Think of it this way: suppose we have a certain
volume of blood that’s circulating and we
suddenly double it. What’s going to happen
in the system if the system doesn’t enlarge
in any way? Blood pressure is going to go
up because, suddenly, there’s twice as much
volume travelling in a system that hasn’t
changed in size.
The kidney plays a major, major role in blood
pressure control and you see that down at
the bottom there of the diagram. That’s
a little cartoon of the kidney.
The kidney has a number of hormones and we’re
going to talk about this more in detail on
subsequent slides. But a number of hormones
can be released by the kidney that have effects
on blood pressure. The most important one
is the renin that we talked about when I mentioned
the Goldblatt kidney in the last lecture.
When there’s an abnormal flow into the kidney,
the kidney responds to this by releasing a
hormone called renin.
Renin gets into the circulation, goes through
a series of chemical reactions. That produces
a substance called angiotensin II. And angiotensin
II causes marked vasoconstriction of the arterioles.

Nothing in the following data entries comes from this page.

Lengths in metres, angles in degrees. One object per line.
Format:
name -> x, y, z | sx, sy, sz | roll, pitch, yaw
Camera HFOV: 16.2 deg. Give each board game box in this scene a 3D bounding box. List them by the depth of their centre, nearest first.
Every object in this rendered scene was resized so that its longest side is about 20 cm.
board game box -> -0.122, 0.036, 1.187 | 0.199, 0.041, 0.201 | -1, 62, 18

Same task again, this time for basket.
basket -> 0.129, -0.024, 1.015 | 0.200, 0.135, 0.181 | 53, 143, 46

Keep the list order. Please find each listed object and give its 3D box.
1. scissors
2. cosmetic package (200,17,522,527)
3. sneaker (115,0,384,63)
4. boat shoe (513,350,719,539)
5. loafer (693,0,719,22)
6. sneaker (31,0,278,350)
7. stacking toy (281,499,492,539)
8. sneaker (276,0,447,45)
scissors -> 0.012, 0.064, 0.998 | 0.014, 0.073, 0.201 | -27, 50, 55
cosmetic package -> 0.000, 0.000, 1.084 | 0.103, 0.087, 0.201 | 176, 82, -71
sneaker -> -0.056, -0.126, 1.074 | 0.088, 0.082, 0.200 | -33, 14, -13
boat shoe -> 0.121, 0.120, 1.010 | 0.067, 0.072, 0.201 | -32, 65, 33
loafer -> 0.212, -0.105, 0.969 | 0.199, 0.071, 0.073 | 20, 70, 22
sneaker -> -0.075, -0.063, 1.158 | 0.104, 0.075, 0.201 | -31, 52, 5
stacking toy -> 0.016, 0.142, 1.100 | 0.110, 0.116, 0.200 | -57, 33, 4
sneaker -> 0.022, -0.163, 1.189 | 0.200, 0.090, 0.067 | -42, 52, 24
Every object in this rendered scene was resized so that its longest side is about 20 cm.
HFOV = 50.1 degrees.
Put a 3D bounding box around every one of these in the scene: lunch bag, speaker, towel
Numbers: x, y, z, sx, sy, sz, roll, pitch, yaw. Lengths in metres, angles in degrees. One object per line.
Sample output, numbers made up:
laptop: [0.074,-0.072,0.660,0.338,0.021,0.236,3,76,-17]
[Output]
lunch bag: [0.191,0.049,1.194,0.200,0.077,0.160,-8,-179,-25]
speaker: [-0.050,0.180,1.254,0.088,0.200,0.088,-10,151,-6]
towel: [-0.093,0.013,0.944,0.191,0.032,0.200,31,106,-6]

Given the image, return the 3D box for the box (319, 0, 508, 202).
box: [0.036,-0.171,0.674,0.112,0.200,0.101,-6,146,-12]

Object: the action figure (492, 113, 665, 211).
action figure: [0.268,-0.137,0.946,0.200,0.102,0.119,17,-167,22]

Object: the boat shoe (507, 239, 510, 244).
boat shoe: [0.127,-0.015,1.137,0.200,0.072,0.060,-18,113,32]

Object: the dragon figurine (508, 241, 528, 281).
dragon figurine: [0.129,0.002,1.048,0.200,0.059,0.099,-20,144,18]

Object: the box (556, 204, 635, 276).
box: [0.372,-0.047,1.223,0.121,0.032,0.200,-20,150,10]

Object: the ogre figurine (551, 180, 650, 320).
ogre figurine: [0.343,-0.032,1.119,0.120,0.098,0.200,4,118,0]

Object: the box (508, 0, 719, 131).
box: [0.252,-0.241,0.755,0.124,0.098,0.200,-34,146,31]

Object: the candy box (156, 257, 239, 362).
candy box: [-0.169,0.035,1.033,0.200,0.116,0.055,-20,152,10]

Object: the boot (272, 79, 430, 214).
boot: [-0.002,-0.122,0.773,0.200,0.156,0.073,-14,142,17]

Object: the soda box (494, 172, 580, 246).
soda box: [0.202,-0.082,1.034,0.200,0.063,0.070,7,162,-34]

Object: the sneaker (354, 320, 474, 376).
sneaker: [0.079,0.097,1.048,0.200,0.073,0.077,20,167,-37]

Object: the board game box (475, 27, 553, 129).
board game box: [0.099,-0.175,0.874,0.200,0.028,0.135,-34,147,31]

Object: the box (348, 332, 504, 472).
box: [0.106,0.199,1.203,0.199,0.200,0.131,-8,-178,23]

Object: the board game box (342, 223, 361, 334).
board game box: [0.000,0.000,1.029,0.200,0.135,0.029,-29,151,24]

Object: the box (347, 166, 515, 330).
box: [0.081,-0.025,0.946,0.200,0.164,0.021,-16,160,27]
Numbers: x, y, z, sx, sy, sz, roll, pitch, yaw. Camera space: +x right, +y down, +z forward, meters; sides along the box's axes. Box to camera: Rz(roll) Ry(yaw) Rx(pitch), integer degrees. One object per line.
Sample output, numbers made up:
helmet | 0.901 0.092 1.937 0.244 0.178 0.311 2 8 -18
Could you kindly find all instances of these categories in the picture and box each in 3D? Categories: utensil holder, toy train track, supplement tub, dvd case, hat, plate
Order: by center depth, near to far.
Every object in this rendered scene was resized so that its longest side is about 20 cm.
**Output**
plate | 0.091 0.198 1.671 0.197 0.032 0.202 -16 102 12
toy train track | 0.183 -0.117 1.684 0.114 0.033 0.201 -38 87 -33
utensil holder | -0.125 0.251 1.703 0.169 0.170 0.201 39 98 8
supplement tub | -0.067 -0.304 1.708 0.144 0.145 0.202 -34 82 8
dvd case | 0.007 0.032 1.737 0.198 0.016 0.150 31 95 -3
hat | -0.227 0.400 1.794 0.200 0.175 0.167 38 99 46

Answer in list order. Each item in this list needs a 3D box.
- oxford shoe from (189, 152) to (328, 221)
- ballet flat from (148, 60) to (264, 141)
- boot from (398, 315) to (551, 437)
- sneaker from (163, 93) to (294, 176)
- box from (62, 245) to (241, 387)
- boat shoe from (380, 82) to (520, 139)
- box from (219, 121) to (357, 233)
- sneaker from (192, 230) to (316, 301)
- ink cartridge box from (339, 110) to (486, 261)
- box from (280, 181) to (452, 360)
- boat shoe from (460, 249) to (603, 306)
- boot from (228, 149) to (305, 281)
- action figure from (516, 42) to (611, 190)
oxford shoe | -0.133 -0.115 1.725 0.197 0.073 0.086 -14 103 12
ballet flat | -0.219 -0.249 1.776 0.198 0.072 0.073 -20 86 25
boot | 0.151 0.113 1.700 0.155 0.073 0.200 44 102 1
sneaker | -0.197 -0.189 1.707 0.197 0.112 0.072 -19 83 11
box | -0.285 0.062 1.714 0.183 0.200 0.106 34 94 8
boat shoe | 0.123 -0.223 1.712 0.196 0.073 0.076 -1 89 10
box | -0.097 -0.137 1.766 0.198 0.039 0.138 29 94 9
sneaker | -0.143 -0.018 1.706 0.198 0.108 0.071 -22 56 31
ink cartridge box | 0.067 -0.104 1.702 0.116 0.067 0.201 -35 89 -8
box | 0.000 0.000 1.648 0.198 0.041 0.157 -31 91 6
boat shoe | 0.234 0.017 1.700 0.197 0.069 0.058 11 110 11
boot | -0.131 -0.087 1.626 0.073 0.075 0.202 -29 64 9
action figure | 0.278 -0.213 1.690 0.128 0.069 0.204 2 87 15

In other words, increased peripheral vascular
resistance. Renin also goes to the adrenal
glands and causes the adrenal glands to release
a hormone called aldosterone. And aldosterone
feeds back to the kidney and says, “Hold
on to sodium! Hold on to sodium!”
At the same time, antidiuretic hormones
being released by the pituitary and that says,
“Hold on to water!”
So the kidney’s getting a signal from a
hormone from the adrenal glands and a signal
from a hormone from the pituitary gland that
say, “Hold on to salt and water!” And
you can see that in the diagram: a little
red arrow there to the left says: salt and
water is retained. That increases blood volume.
That increases venous return. And that may
help to increase blood pressure.
And all of this system was set up to help
animals survive in periods of dehydration
or when there’s blood loss. Unfortunately,
sometimes in this system the thermostat is
not set right and, in those patients, the
system is working even when the blood pressure
is normal and, consequently, peripheral resistance
goes up and, consequently, blood pressure
goes up and those patients are hypertensive.

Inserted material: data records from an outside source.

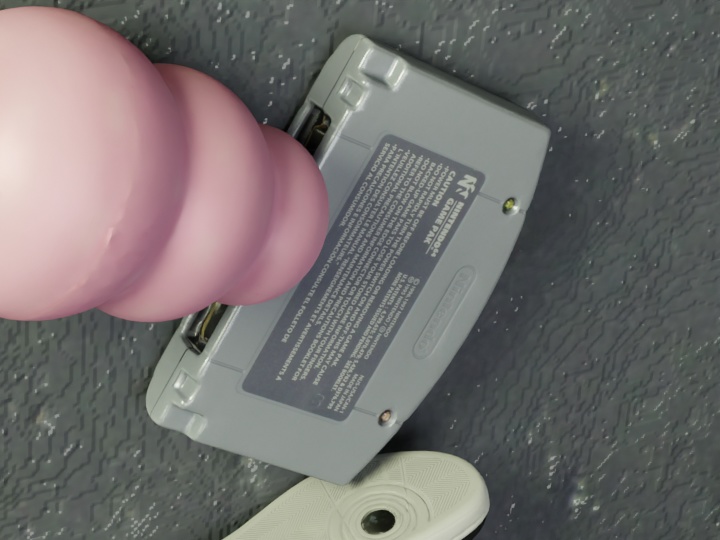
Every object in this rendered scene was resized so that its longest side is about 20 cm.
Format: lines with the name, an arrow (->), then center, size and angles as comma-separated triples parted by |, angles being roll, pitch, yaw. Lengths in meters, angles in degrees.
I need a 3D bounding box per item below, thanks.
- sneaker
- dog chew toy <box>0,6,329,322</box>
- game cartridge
sneaker -> -0.024, 0.169, 1.259 | 0.200, 0.073, 0.112 | -24, 131, -9
dog chew toy -> -0.094, -0.035, 1.059 | 0.200, 0.125, 0.125 | 12, 110, -44
game cartridge -> 0.000, 0.000, 1.192 | 0.133, 0.041, 0.200 | 22, 103, -36
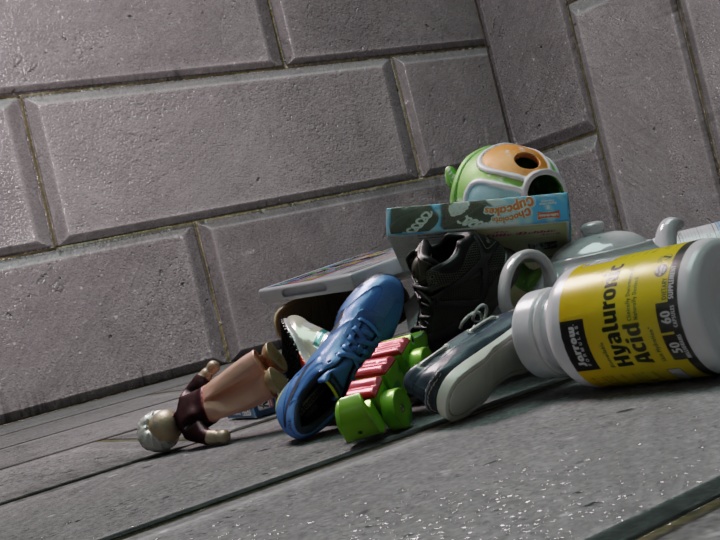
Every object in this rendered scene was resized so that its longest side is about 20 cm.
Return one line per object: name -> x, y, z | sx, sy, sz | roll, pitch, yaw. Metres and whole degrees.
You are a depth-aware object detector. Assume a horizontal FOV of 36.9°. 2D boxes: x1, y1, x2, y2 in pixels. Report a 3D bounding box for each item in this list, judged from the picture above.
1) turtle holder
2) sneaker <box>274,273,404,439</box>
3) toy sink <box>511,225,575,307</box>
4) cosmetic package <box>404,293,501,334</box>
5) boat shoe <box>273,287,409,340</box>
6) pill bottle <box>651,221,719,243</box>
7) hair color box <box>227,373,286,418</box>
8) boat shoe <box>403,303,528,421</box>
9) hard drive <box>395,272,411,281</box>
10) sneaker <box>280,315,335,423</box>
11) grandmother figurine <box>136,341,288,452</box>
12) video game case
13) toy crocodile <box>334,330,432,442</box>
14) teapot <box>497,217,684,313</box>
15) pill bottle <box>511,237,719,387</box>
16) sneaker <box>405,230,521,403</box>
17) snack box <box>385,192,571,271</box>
turtle holder -> 0.186, -0.063, 1.322 | 0.140, 0.186, 0.132 | 11, -4, -30
sneaker -> -0.012, 0.091, 1.119 | 0.200, 0.066, 0.078 | -53, 13, -9
toy sink -> 0.210, 0.023, 1.472 | 0.199, 0.112, 0.130 | -19, -2, 14
cosmetic package -> 0.120, 0.051, 1.319 | 0.113, 0.081, 0.200 | -46, 9, 9
boat shoe -> -0.030, 0.059, 1.405 | 0.199, 0.074, 0.063 | -6, 3, -32
pill bottle -> 0.427, 0.000, 1.357 | 0.199, 0.109, 0.109 | -15, -1, 13
hair color box -> -0.087, 0.154, 1.527 | 0.199, 0.061, 0.100 | -14, -1, -31
boat shoe -> 0.122, 0.075, 1.025 | 0.062, 0.075, 0.200 | 26, 46, 36
hard drive -> 0.119, -0.020, 1.500 | 0.199, 0.027, 0.132 | -19, -2, 21
sneaker -> -0.029, 0.109, 1.258 | 0.093, 0.071, 0.200 | -9, 25, -20
grandmother figurine -> -0.179, 0.155, 1.278 | 0.200, 0.061, 0.121 | -30, 32, 15
video game case -> 0.000, 0.000, 1.373 | 0.200, 0.023, 0.182 | -20, 7, -42
toy crocodile -> 0.023, 0.107, 1.050 | 0.067, 0.062, 0.200 | -14, 19, 27
teapot -> 0.261, 0.020, 1.164 | 0.197, 0.147, 0.200 | -14, 0, 17
pill bottle -> 0.231, 0.043, 0.929 | 0.111, 0.112, 0.200 | -13, -1, -42
sneaker -> 0.076, 0.042, 1.164 | 0.114, 0.200, 0.076 | 29, 10, -24
snack box -> 0.136, -0.041, 1.215 | 0.199, 0.037, 0.116 | -4, -21, 10
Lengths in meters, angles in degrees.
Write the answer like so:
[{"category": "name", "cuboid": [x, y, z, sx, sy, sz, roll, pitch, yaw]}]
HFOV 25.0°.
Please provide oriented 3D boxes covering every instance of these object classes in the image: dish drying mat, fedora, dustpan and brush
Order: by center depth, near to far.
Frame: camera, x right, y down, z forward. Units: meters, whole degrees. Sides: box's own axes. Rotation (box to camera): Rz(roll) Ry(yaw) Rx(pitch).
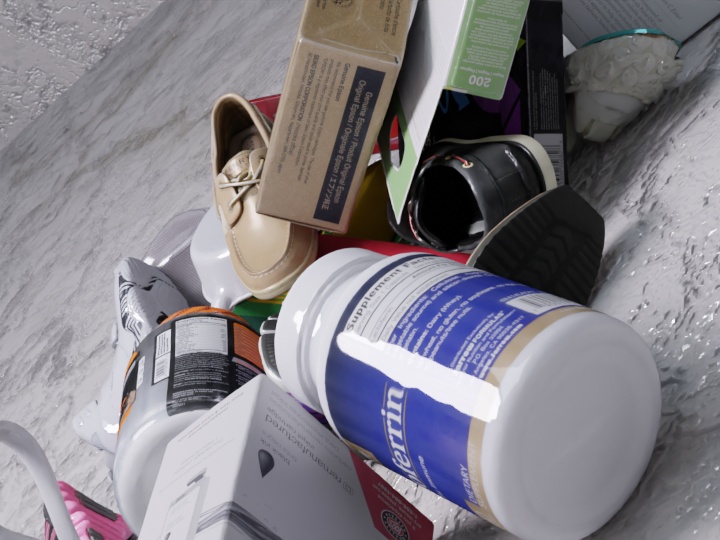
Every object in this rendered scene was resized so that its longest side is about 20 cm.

We mentioned again that this is just further demonstration of
the central nervous system: neural mechanisms
for blood-pressure control. Just to review
it again: the autonomic nervous system, sympathetic
and parasympathetic. Parasympathetic can dilate
the blood vessels a little and slow the heart
rate and therefore decrease cardiac output
and decrease blood pressure. But the major
control factor is in the sympathetic system
which causes vasoconstriction in the arterioles
and increased peripheral vascular resistance.
And you see all of that listed on the slide.
And you can see that the control of blood
pressure relates partly to control of cardiac
output. But it’s mostly related to peripheral
vascular resistance which is mostly under
the control of the sympathetic nervous system.
The baroreceptors are scattered throughout.
You can see in this little diagram they’re
particularly common in the aorta and in the
carotid arteries. Interestingly enough, there
are other receptors – chemoreceptors, chemical
receptors – that are located with the baroreceptors
and they monitor oxygen in the blood, carbon
dioxide in the blood and hydrogen ions, or
acidity, in the blood. And so the body is
also regulating all of those and often part
of the regulation there relates to increasing
the respiratory rate – increasing how much,
how fast you’re breathing and also regulating
how much hydrogen ion – how much acid – the
kidneys are putting out.
So the body has very intricate and very, very
finely-tuned mechanisms for regulating the
internal environment. As we talked about in
the very first lecture, the homeostasis: maintaining
a smooth internal environment, normal blood
pressure, normal oxygen, normal carbon dioxide,
normal acidity. And of course we’re talking
here mostly about blood pressure regulation
and how that goes wrong in some people either
genetically – they have an abnormal thermostat
for regulating the blood pressure in the central
nervous system and they regulate it too high
– or many of the secondary factors that
can lead to high blood pressure. And we’re
going to talk about those as we go along.